This vignette demonstrates one of the new components added to epivizrChart, Epiviz-IGV-Track. This element uses IGV.js (https://github.com/igvteam/igv.js) to visualize tracks from files (local and remote).
Sample dataset to use for the vignette.
Lets initialize an environment element to a specific genomic location. We can add additional annotation tracks (Homo.sapiens) and a blocks track from the example datasets.
epiviz_env <- epivizEnv(chr="chr11", start=118000000, end=121000000)
genes_track <- epiviz_env$plot(Homo.sapiens)
## creating gene annotation (it may take a bit)

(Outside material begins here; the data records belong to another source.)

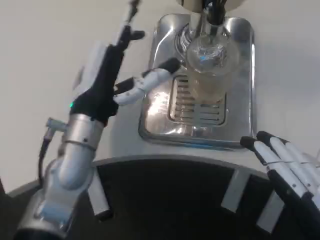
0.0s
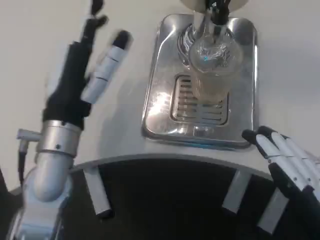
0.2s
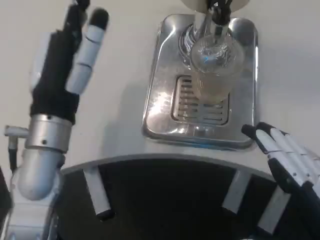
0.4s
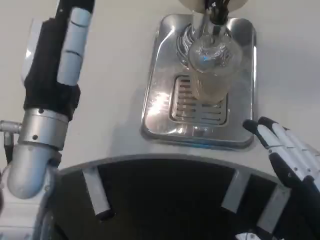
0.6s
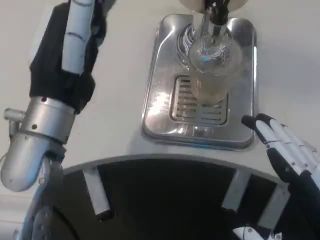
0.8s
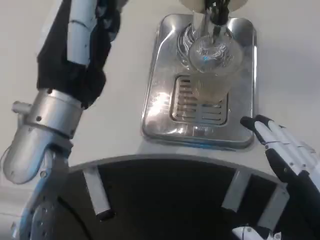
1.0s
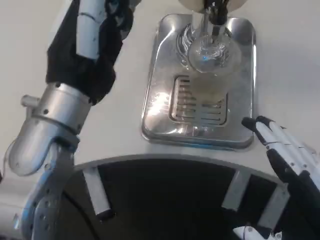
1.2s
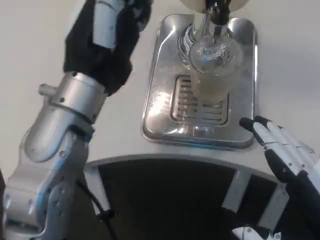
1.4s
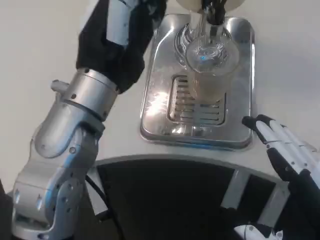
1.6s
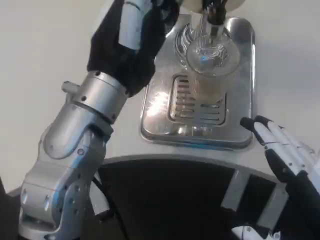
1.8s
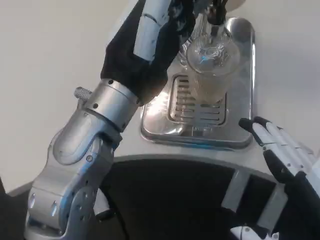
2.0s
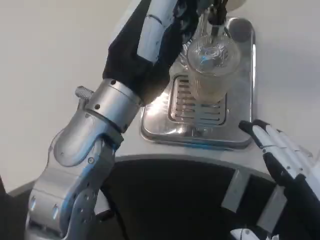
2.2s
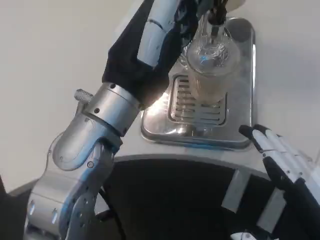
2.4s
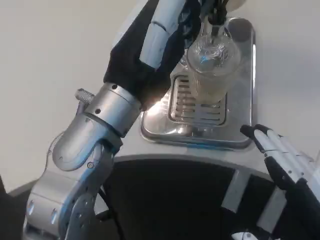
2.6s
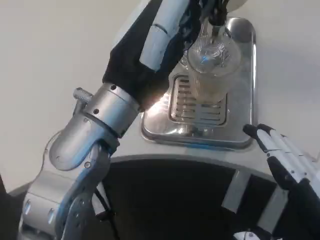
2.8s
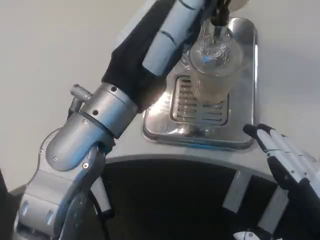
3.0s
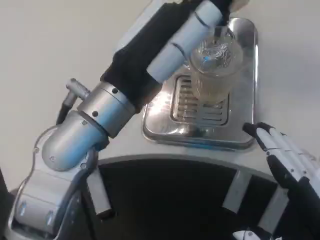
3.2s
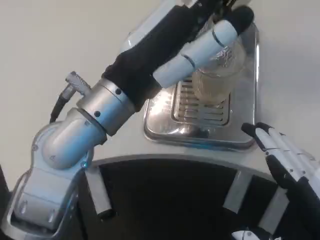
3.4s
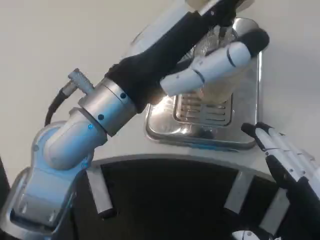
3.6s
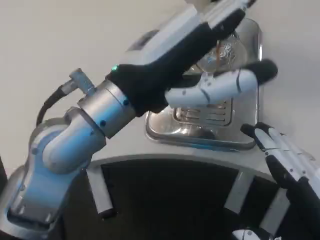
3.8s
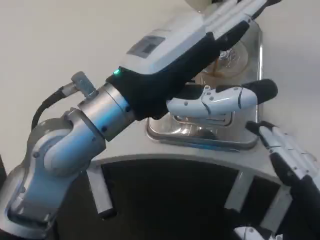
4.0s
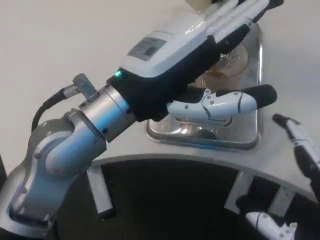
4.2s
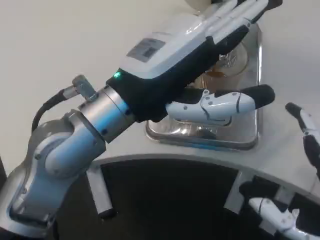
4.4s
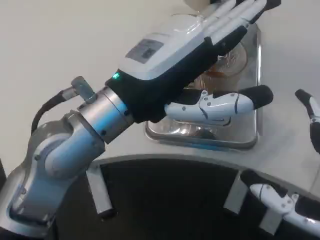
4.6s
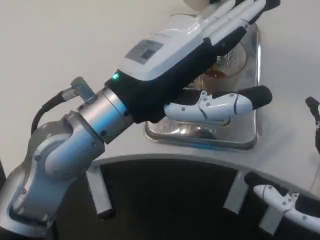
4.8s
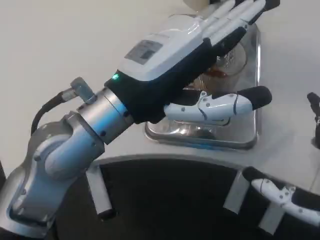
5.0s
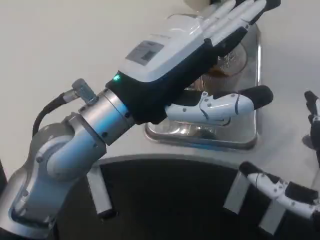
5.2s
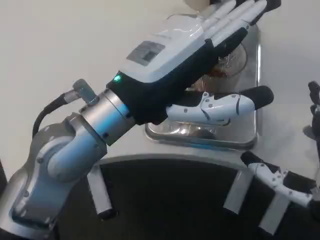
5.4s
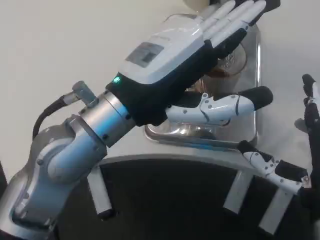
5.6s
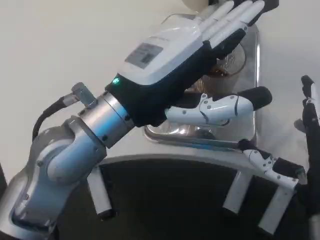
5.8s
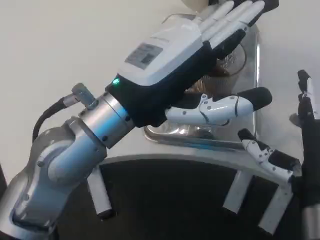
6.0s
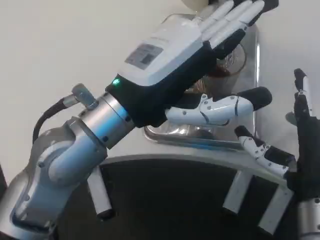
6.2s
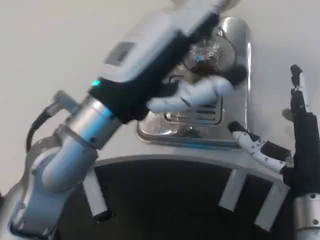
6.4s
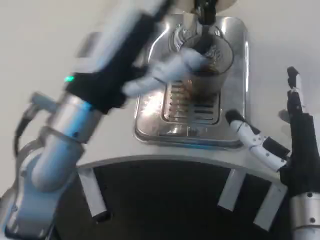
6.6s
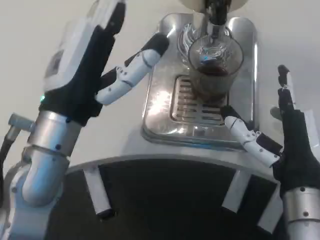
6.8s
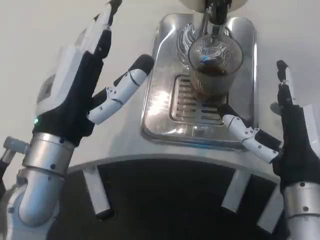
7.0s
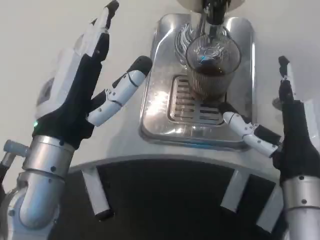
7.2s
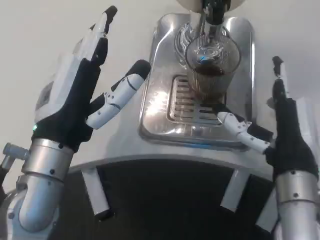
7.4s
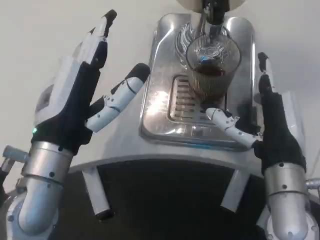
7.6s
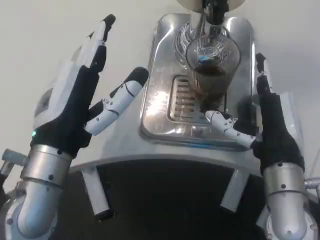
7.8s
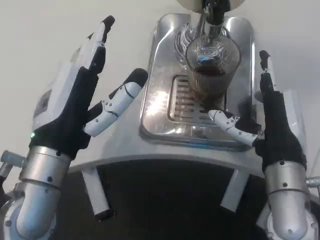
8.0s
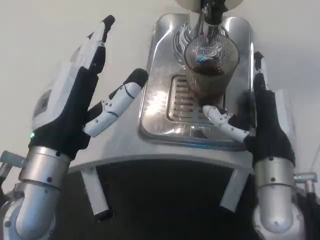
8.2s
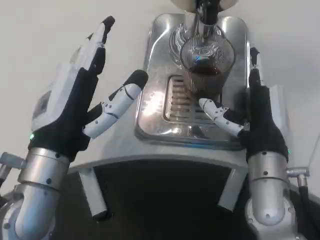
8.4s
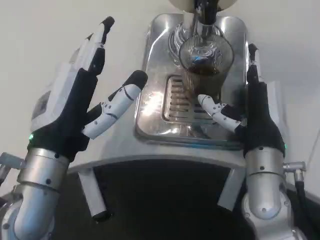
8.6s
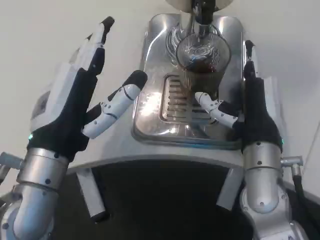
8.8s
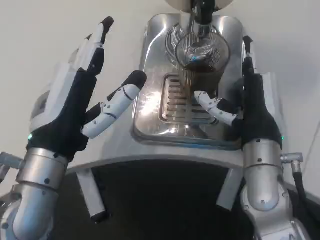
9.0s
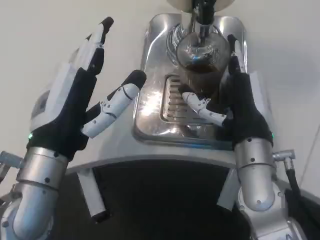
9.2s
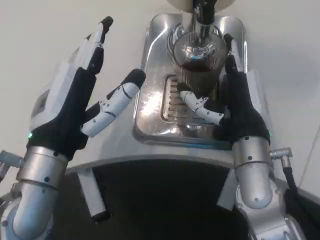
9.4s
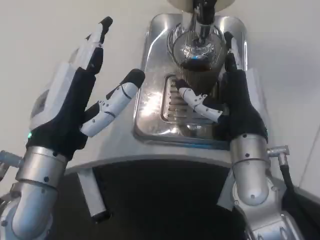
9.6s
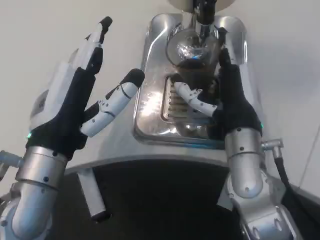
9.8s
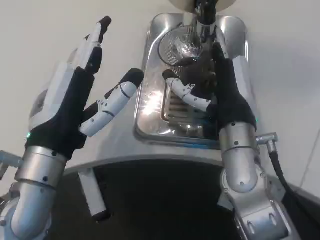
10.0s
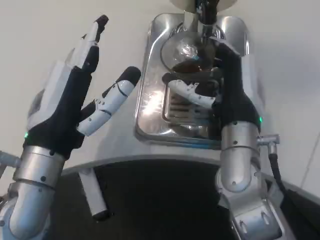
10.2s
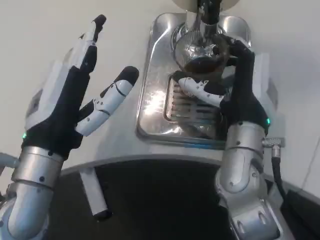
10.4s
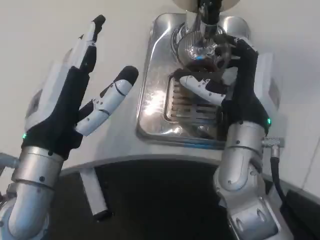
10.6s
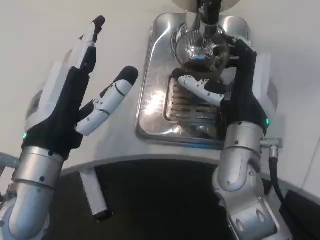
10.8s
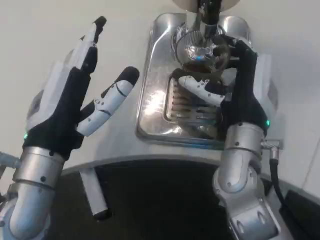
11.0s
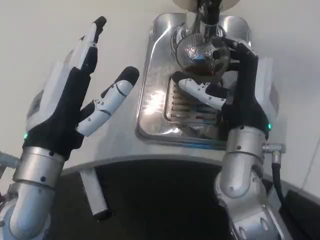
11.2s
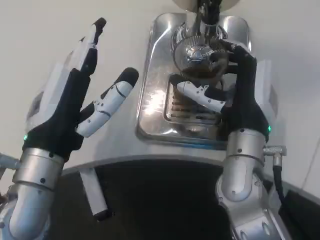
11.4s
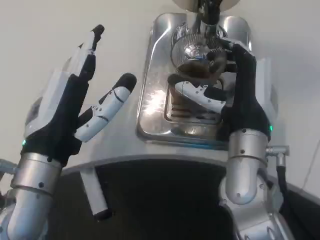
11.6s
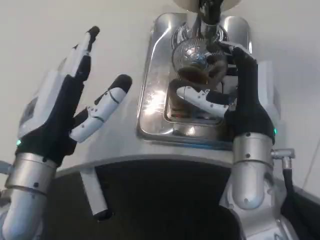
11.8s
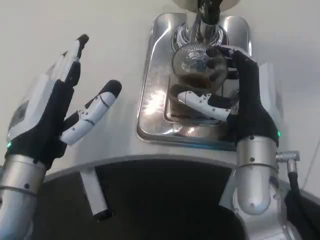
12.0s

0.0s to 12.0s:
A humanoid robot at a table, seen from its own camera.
Task of the whole recording: Grasp the cup under the faucet to collect the drink, then remove the cup.
0.0s to 1.6s: The left hand heads upward, covering some 10 cm.
4.4s to 6.0s: The right hand is displaced forward by approximately 10 cm.
6.0s to 7.6s: The left hand shifts about 5 cm downward. Meanwhile the right hand goes about 5 cm forward.

## 403 genes were dropped because they have exons located on both strands of the
## same reference sequence or on more than one reference sequence, so cannot be
## represented by a single genomic range.

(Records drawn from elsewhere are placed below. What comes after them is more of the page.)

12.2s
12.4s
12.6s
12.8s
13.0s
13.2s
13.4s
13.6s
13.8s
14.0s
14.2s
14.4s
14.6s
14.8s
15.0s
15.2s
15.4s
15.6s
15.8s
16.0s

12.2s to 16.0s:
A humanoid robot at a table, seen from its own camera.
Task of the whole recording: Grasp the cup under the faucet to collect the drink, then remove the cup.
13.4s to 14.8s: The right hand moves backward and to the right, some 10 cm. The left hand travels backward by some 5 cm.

## Use 'single.strand.genes.only=FALSE' to get all the genes in a GRangesList
## object, or use suppressMessages() to suppress this message.

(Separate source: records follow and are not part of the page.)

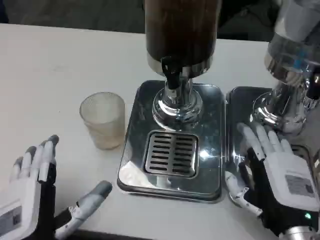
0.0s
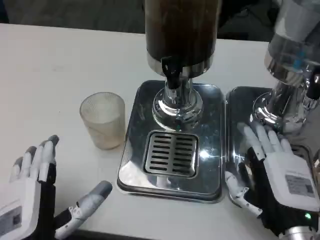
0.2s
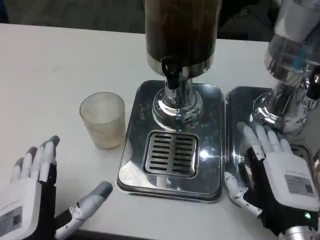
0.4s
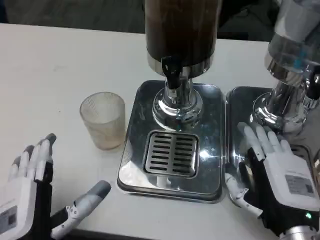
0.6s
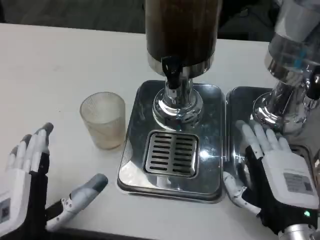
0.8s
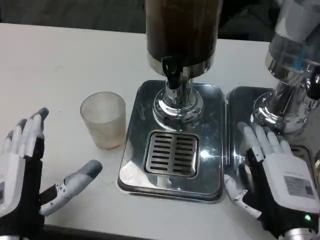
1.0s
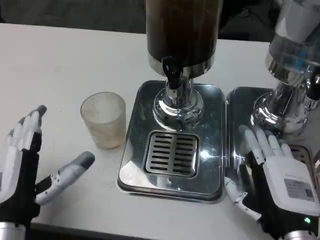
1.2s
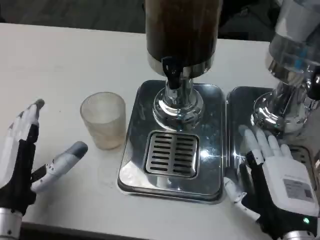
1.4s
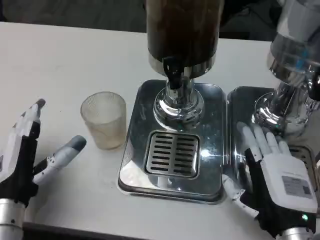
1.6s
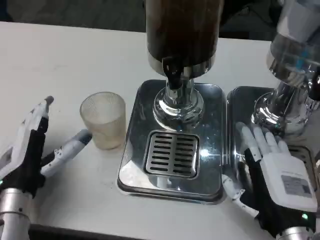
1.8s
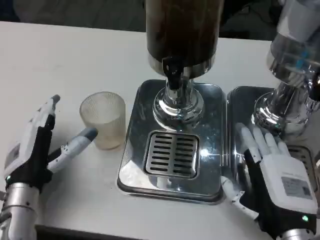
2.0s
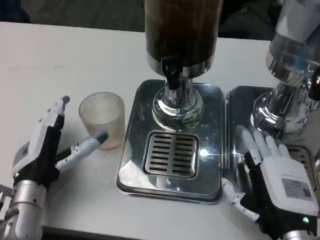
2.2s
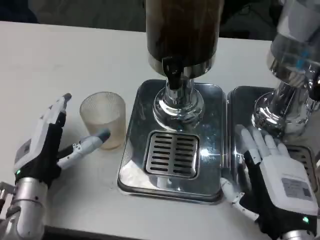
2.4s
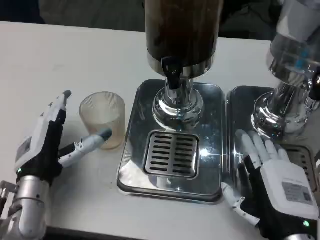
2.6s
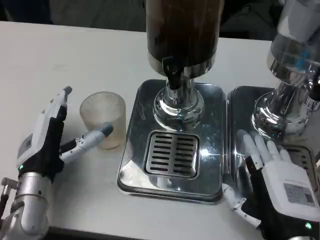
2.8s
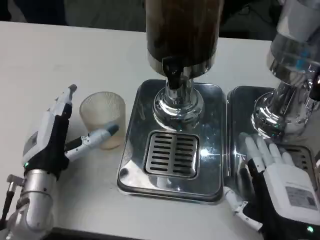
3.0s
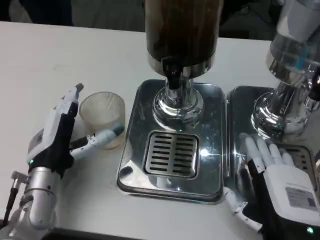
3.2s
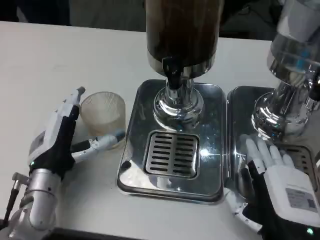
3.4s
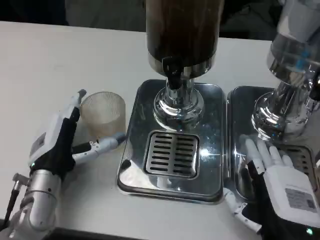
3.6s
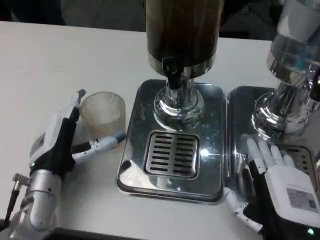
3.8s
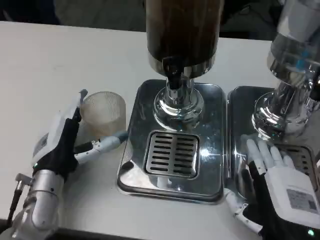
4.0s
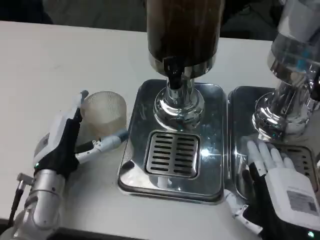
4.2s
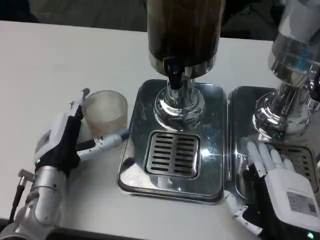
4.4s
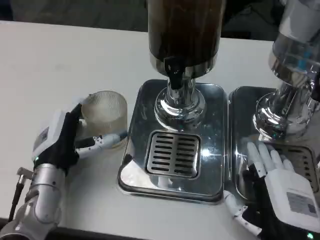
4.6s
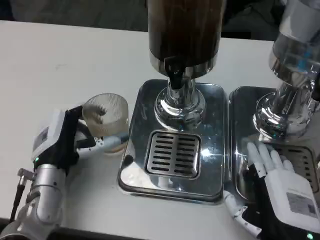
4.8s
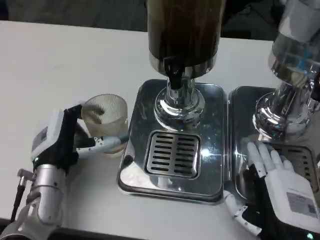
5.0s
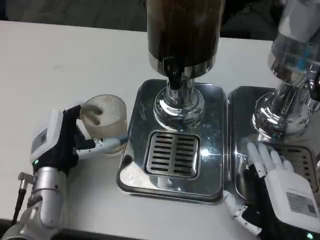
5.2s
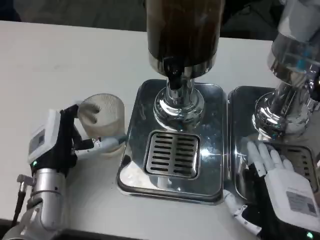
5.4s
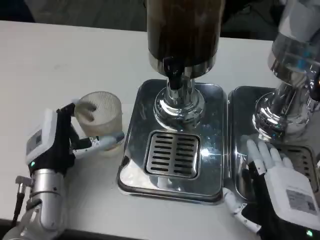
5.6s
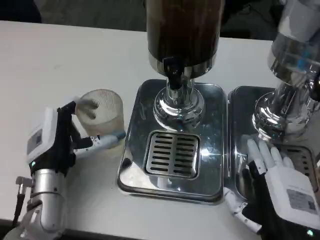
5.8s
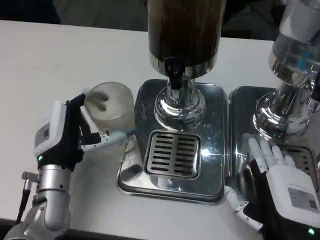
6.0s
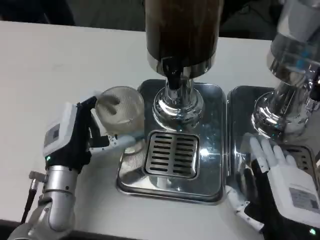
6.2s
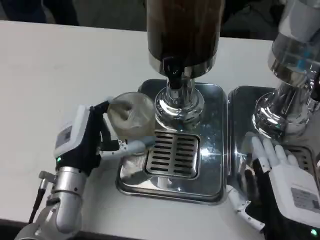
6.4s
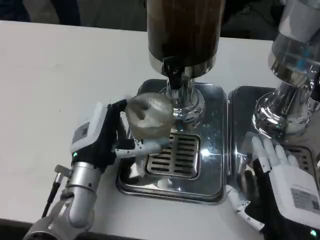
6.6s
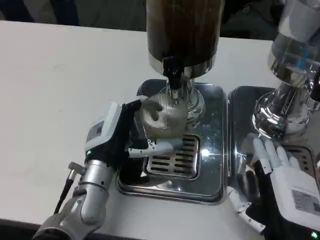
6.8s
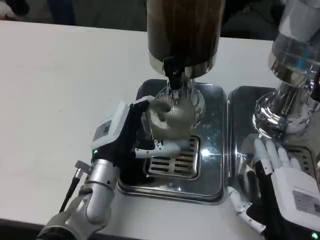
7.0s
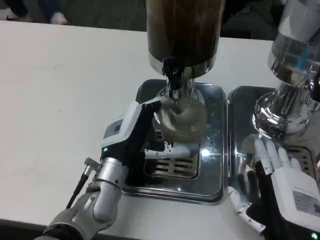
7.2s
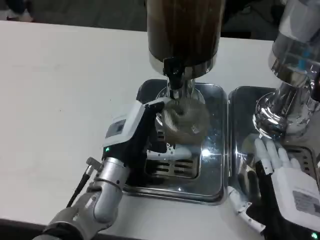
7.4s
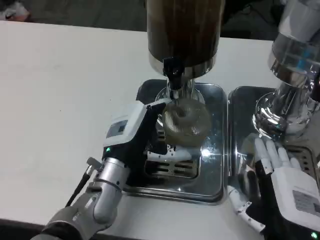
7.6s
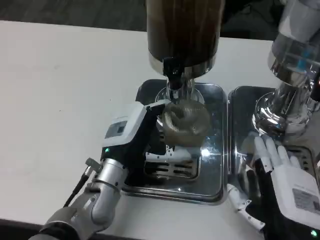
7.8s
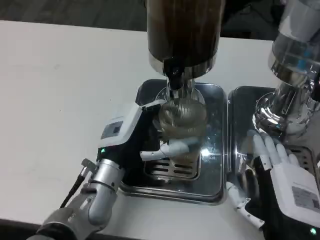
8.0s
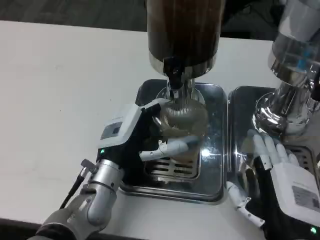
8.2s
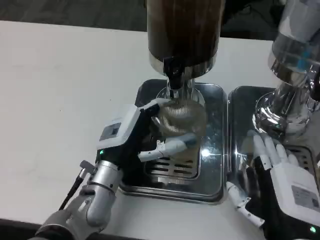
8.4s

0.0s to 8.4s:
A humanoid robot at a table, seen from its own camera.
Task of the whole recording: Grasp the cup under the faucet to collect the drink, then remove the cup.
0.0s to 1.4s: The left hand moves forward and to the left, roughly 10 cm.
1.4s to 2.8s: The left hand travels forward by about 5 cm.
2.8s to 5.6s: There are only small adjustments of the hands.
5.6s to 7.0s: The left hand moves to the right, about 5 cm.
7.0s to 8.4s: The hands stay close to where they were, moving slightly.

## 'select()' returned 1:1 mapping between keys and columns
We will create an R/BioConductor file object for the file we would like to visualize. We currently support BedFiles, BamFiles and BigWigFiles.
file1 <- Rsamtools::BamFile("http://1000genomes.s3.amazonaws.com/phase3/data/HG01879/alignment/HG01879.mapped.ILLUMINA.bwa.ACB.low_coverage.20120522.bam")
file2 <- rtracklayer::BEDFile("https://s3.amazonaws.com/igv.broadinstitute.org/annotations/hg19/genes/refGene.hg19.bed.gz")
Finally, we will plot the file object and when we render the environment element we will now see an IGV Track on the markdown document.
Note: IGV.js has issues with the web browser embedded in R-Studio. Please open the markdown document in firefox/chrome to visualize the tracks.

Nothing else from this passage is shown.